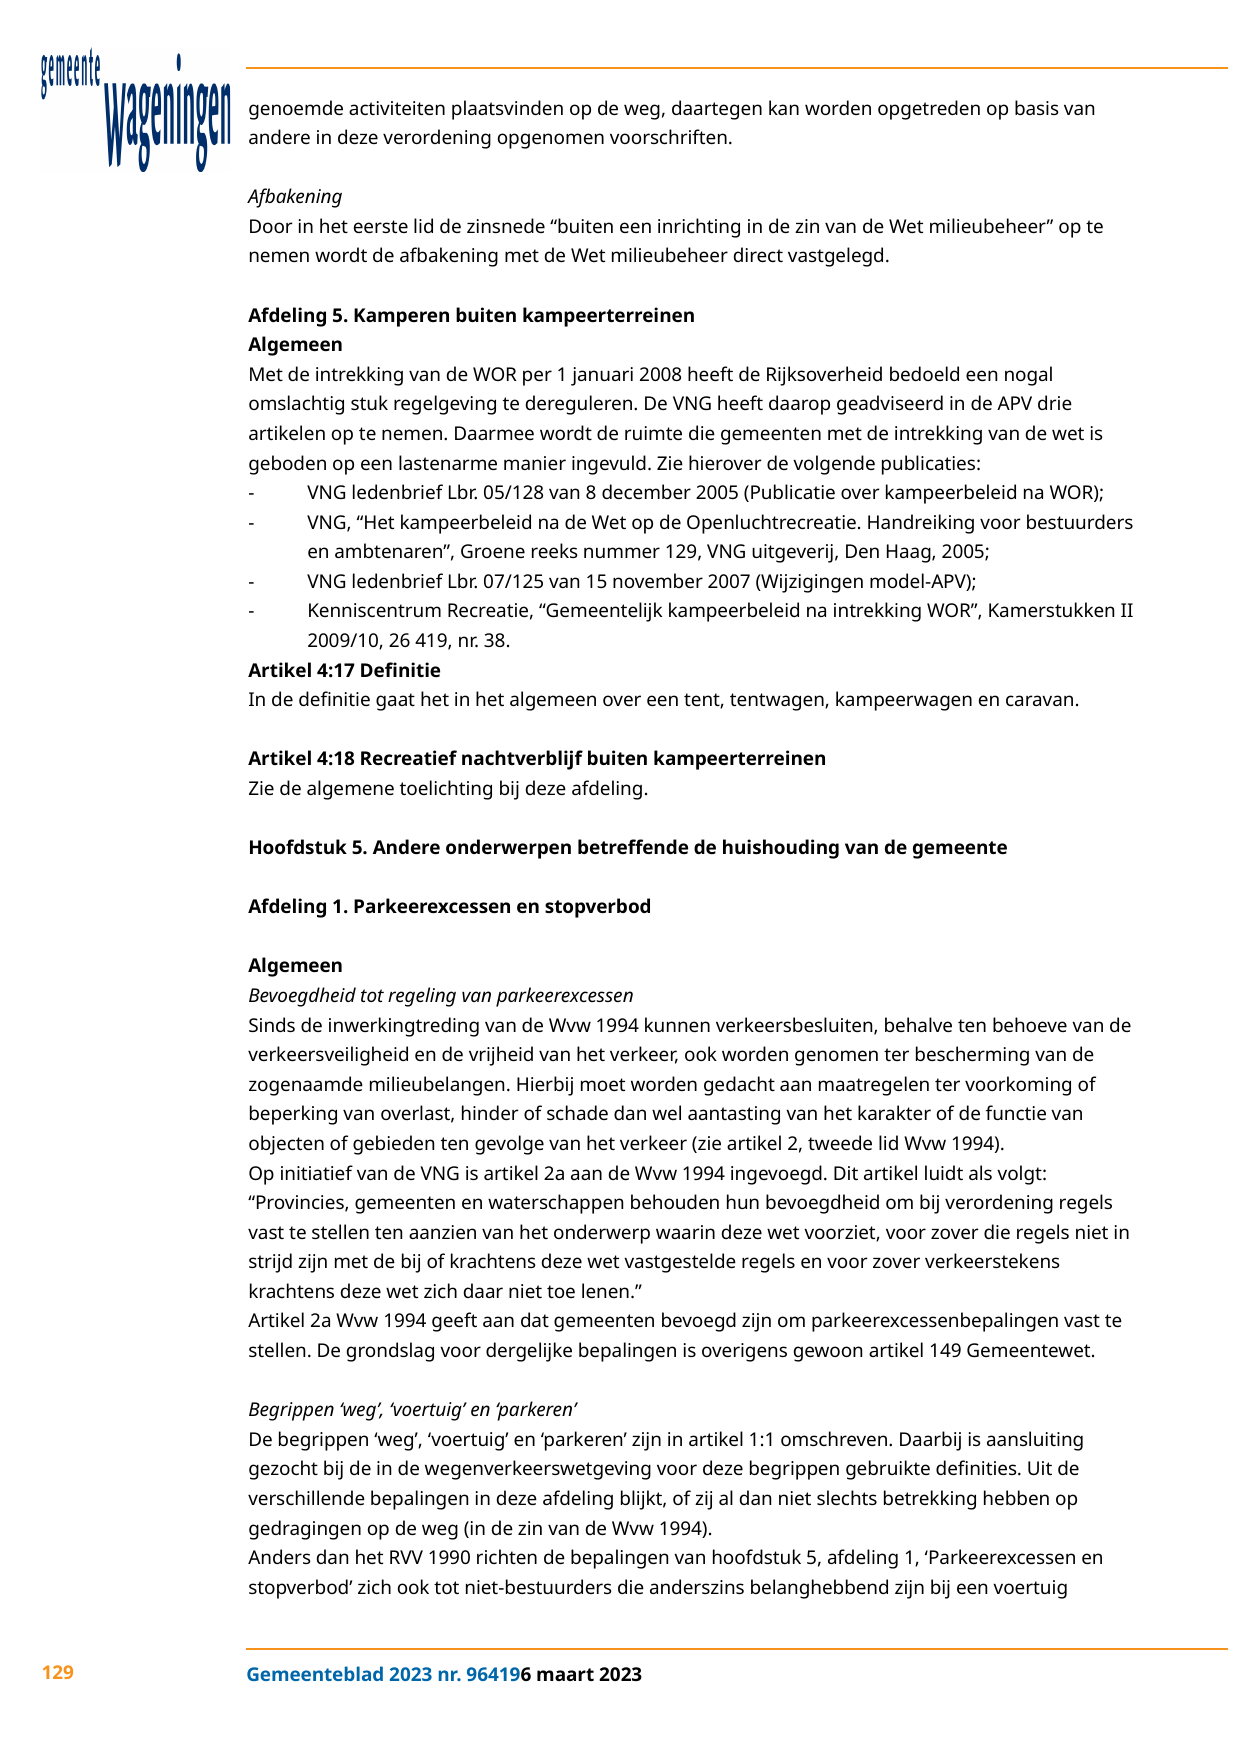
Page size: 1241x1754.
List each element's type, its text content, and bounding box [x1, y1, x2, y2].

text Zie de algemene toelichting bij deze afdeling. [248, 775, 1152, 801]
text “Provincies, gemeenten en waterschappen behouden hun bevoegdheid om bij verordening regels vast te stellen ten aanzien van het onderwerp waarin deze wet voorziet, voor zover die regels niet in strijd zijn met de bij of krachtens deze wet vastgestelde regels en voor zover verkeerstekens krachtens deze wet zich daar niet toe lenen.” [248, 1189, 1152, 1304]
text Anders dan het RVV 1990 richten de bepalingen van hoofdstuk 5, afdeling 1, ‘Parkeerexcessen en stopverbod’ zich ook tot niet-bestuurders die anderszins belanghebbend zijn bij een voertuig [248, 1544, 1152, 1600]
text Sinds de inwerkingtreding van de Wvw 1994 kunnen verkeersbesluiten, behalve ten behoeve van de verkeersveiligheid en de vrijheid van het verkeer, ook worden genomen ter bescherming van de zogenaamde milieubelangen. Hierbij moet worden gedacht aan maatregelen ter voorkoming of beperking van overlast, hinder of schade dan wel aantasting van het karakter of de functie van objecten of gebieden ten gevolge van het verkeer (zie artikel 2, tweede lid Wvw 1994). [248, 1012, 1152, 1156]
text Door in het eerste lid de zinsnede “buiten een inrichting in de zin van de Wet milieubeheer” op te nemen wordt de afbakening met de Wet milieubeheer direct vastgelegd. [248, 213, 1152, 268]
text Algemeen [248, 953, 1152, 978]
text Bevoegdheid tot regeling van parkeerexcessen [248, 982, 1152, 1008]
list Kenniscentrum Recreatie, “Gemeentelijk kampeerbeleid na intrekking WOR”, Kamerstukken II 2009/10, 26 419, nr. 38. [248, 598, 1152, 653]
text Artikel 2a Wvw 1994 geeft aan dat gemeenten bevoegd zijn om parkeerexcessenbepalingen vast te stellen. De grondslag voor dergelijke bepalingen is overigens gewoon artikel 149 Gemeentewet. [248, 1308, 1152, 1363]
text Afdeling 1. Parkeerexcessen en stopverbod [248, 893, 1152, 919]
text Afdeling 5. Kamperen buiten kampeerterreinen [248, 302, 1152, 328]
text Hoofdstuk 5. Andere onderwerpen betreffende de huishouding van de gemeente [248, 834, 1152, 860]
list VNG ledenbrief Lbr. 07/125 van 15 november 2007 (Wijzigingen model-APV); [248, 568, 1152, 594]
list VNG, “Het kampeerbeleid na de Wet op de Openluchtrecreatie. Handreiking voor bestuurders en ambtenaren”, Groene reeks nummer 129, VNG uitgeverij, Den Haag, 2005; [248, 509, 1152, 564]
text Algemeen [248, 331, 1152, 357]
text Op initiatief van de VNG is artikel 2a aan de Wvw 1994 ingevoegd. Dit artikel luidt als volgt: [248, 1160, 1152, 1186]
list VNG ledenbrief Lbr. 05/128 van 8 december 2005 (Publicatie over kampeerbeleid na WOR); [248, 479, 1152, 505]
text genoemde activiteiten plaatsvinden op de weg, daartegen kan worden opgetreden op basis van andere in deze verordening opgenomen voorschriften. [248, 95, 1152, 150]
picture [41, 47, 231, 172]
text Afbakening [248, 183, 1152, 209]
text In de definitie gaat het in het algemeen over een tent, tentwagen, kampeerwagen en caravan. [248, 686, 1152, 712]
text Begrippen ‘weg’, ‘voertuig’ en ‘parkeren’ [248, 1396, 1152, 1422]
text Artikel 4:17 Definitie [248, 657, 1152, 683]
text Met de intrekking van de WOR per 1 januari 2008 heeft de Rijksoverheid bedoeld een nogal omslachtig stuk regelgeving te dereguleren. De VNG heeft daarop geadviseerd in de APV drie artikelen op te nemen. Daarmee wordt de ruimte die gemeenten met de intrekking van de wet is geboden op een lastenarme manier ingevuld. Zie hierover de volgende publicaties: [248, 361, 1152, 476]
text Artikel 4:18 Recreatief nachtverblijf buiten kampeerterreinen [248, 746, 1152, 771]
text De begrippen ‘weg’, ‘voertuig’ en ‘parkeren’ zijn in artikel 1:1 omschreven. Daarbij is aansluiting gezocht bij de in de wegenverkeerswetgeving voor deze begrippen gebruikte definities. Uit de verschillende bepalingen in deze afdeling blijkt, of zij al dan niet slechts betrekking hebben op gedragingen op de weg (in de zin van de Wvw 1994). [248, 1426, 1152, 1541]
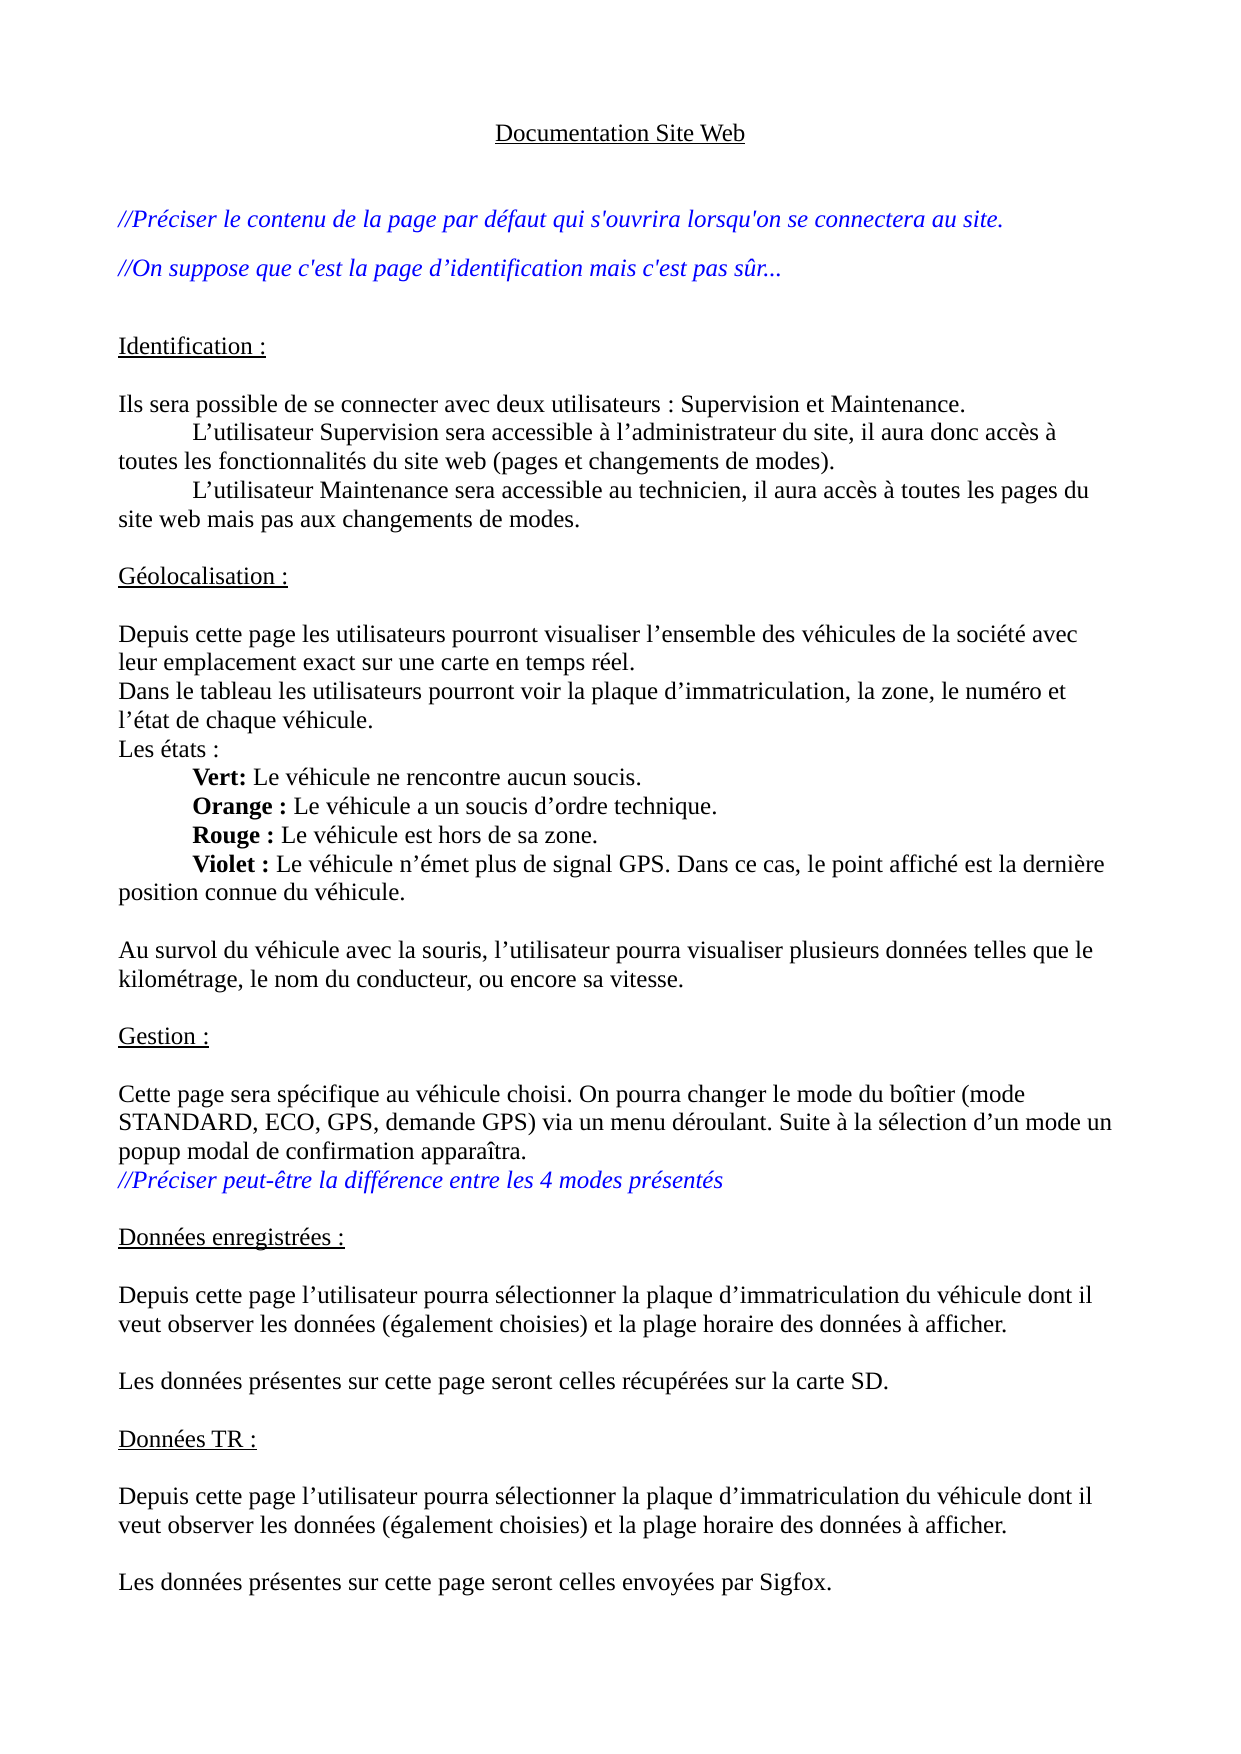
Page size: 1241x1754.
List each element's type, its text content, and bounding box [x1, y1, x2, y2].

text Identification : [118, 331, 1122, 360]
text Depuis cette page les utilisateurs pourront visualiser l’ensemble des véhicules de la société avec leur emplacement exact sur une carte en temps réel. [118, 619, 1122, 676]
text L’utilisateur Maintenance sera accessible au technicien, il aura accès à toutes les pages du site web mais pas aux changements de modes. [118, 475, 1122, 532]
text Les données présentes sur cette page seront celles envoyées par Sigfox. [118, 1567, 1122, 1596]
text //On suppose que c'est la page d’identification mais c'est pas sûr... [118, 253, 1122, 282]
text Vert: Le véhicule ne rencontre aucun soucis. [118, 762, 1122, 791]
text Depuis cette page l’utilisateur pourra sélectionner la plaque d’immatriculation du véhicule dont il veut observer les données (également choisies) et la plage horaire des données à afficher. [118, 1280, 1122, 1337]
text Orange : Le véhicule a un soucis d’ordre technique. [118, 791, 1122, 820]
text Documentation Site Web [118, 118, 1122, 147]
text Données enregistrées : [118, 1222, 1122, 1251]
text Dans le tableau les utilisateurs pourront voir la plaque d’immatriculation, la zone, le numéro et l’état de chaque véhicule. [118, 676, 1122, 734]
text Rouge : Le véhicule est hors de sa zone. [118, 820, 1122, 849]
text Les états : [118, 734, 1122, 762]
text Au survol du véhicule avec la souris, l’utilisateur pourra visualiser plusieurs données telles que le kilométrage, le nom du conducteur, ou encore sa vitesse. [118, 935, 1122, 992]
text Données TR : [118, 1424, 1122, 1452]
text //Préciser le contenu de la page par défaut qui s'ouvrira lorsqu'on se connectera au site. [118, 204, 1122, 233]
text //Préciser peut-être la différence entre les 4 modes présentés [118, 1165, 1122, 1194]
text Géolocalisation : [118, 561, 1122, 590]
text Depuis cette page l’utilisateur pourra sélectionner la plaque d’immatriculation du véhicule dont il veut observer les données (également choisies) et la plage horaire des données à afficher. [118, 1481, 1122, 1539]
text Gestion : [118, 1021, 1122, 1050]
text Les données présentes sur cette page seront celles récupérées sur la carte SD. [118, 1366, 1122, 1395]
text Cette page sera spécifique au véhicule choisi. On pourra changer le mode du boîtier (mode STANDARD, ECO, GPS, demande GPS) via un menu déroulant. Suite à la sélection d’un mode un popup modal de confirmation apparaîtra. [118, 1079, 1122, 1165]
text Violet : Le véhicule n’émet plus de signal GPS. Dans ce cas, le point affiché est la dernière position connue du véhicule. [118, 849, 1122, 906]
text L’utilisateur Supervision sera accessible à l’administrateur du site, il aura donc accès à toutes les fonctionnalités du site web (pages et changements de modes). [118, 417, 1122, 475]
text Ils sera possible de se connecter avec deux utilisateurs : Supervision et Maintenance. [118, 389, 1122, 417]
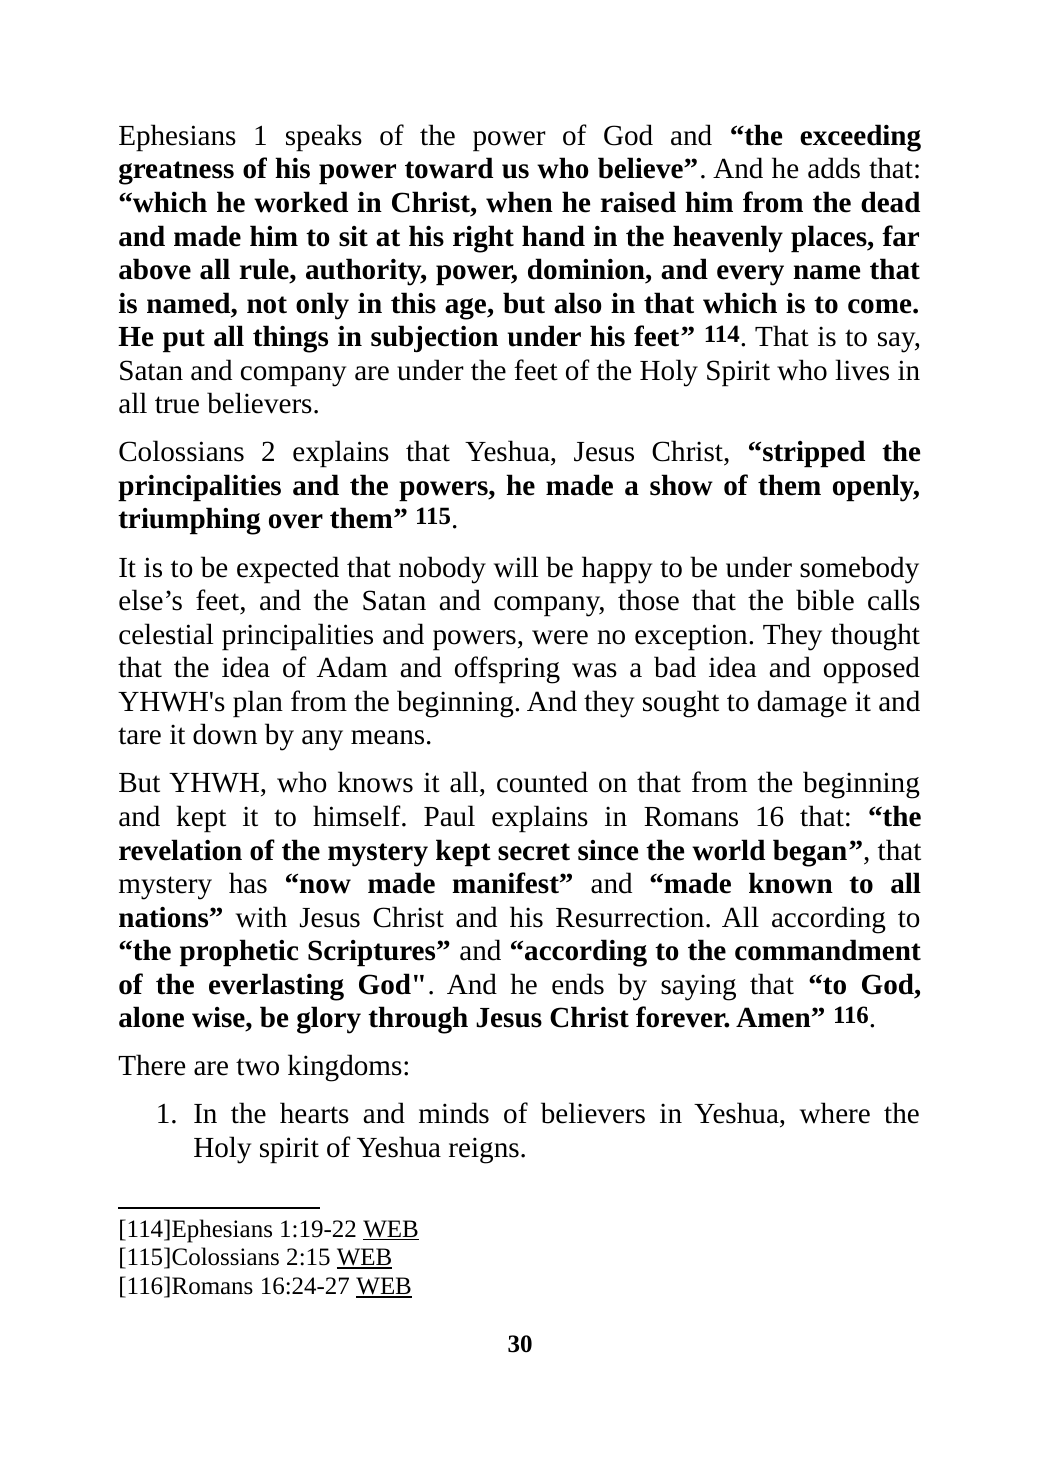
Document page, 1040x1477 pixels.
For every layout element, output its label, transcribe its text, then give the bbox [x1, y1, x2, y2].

list In the hearts and minds of believers in Yeshua, where the Holy spirit of Yeshua reigns. [156, 1097, 921, 1164]
text Colossians 2:15 WEB [118, 1242, 921, 1271]
text Romans 16:24-27 WEB [118, 1271, 921, 1300]
text There are two kingdoms: [118, 1048, 921, 1082]
text Colossians 2 explains that Yeshua, Jesus Christ, “stripped the principalities and the powers, he made a show of them openly, triumphing over them” . [118, 434, 921, 535]
text Ephesians 1 speaks of the power of God and “the exceeding greatness of his power toward us who believe”. And he adds that: “which he worked in Christ, when he raised him from the dead and made him to sit at his right hand in the heavenly places, far above all rule, authority, power, dominion, and every name that is named, not only in this age, but also in that which is to come. He put all things in subjection under his feet” . That is to say, Satan and company are under the feet of the Holy Spirit who lives in all true believers. [118, 118, 921, 420]
text Ephesians 1:19-22 WEB [118, 1214, 921, 1242]
text But YHWH, who knows it all, counted on that from the beginning and kept it to himself. Paul explains in Romans 16 that: “the revelation of the mystery kept secret since the world began”, that mystery has “now made manifest” and “made known to all nations” with Jesus Christ and his Resurrection. All according to “the prophetic Scriptures” and “according to the commandment of the everlasting God". And he ends by saying that “to God, alone wise, be glory through Jesus Christ forever. Amen” . [118, 766, 921, 1034]
text It is to be expected that nobody will be happy to be under somebody else’s feet, and the Satan and company, those that the bible calls celestial principalities and powers, were no exception. They thought that the idea of Adam and offspring was a bad idea and opposed YHWH's plan from the beginning. And they sought to damage it and tare it down by any means. [118, 550, 921, 751]
──────────
- PROBLEM DETAILS -
The lines in the listing that include the word "présentes" are to be counted; give only that number.

- RESULT -
2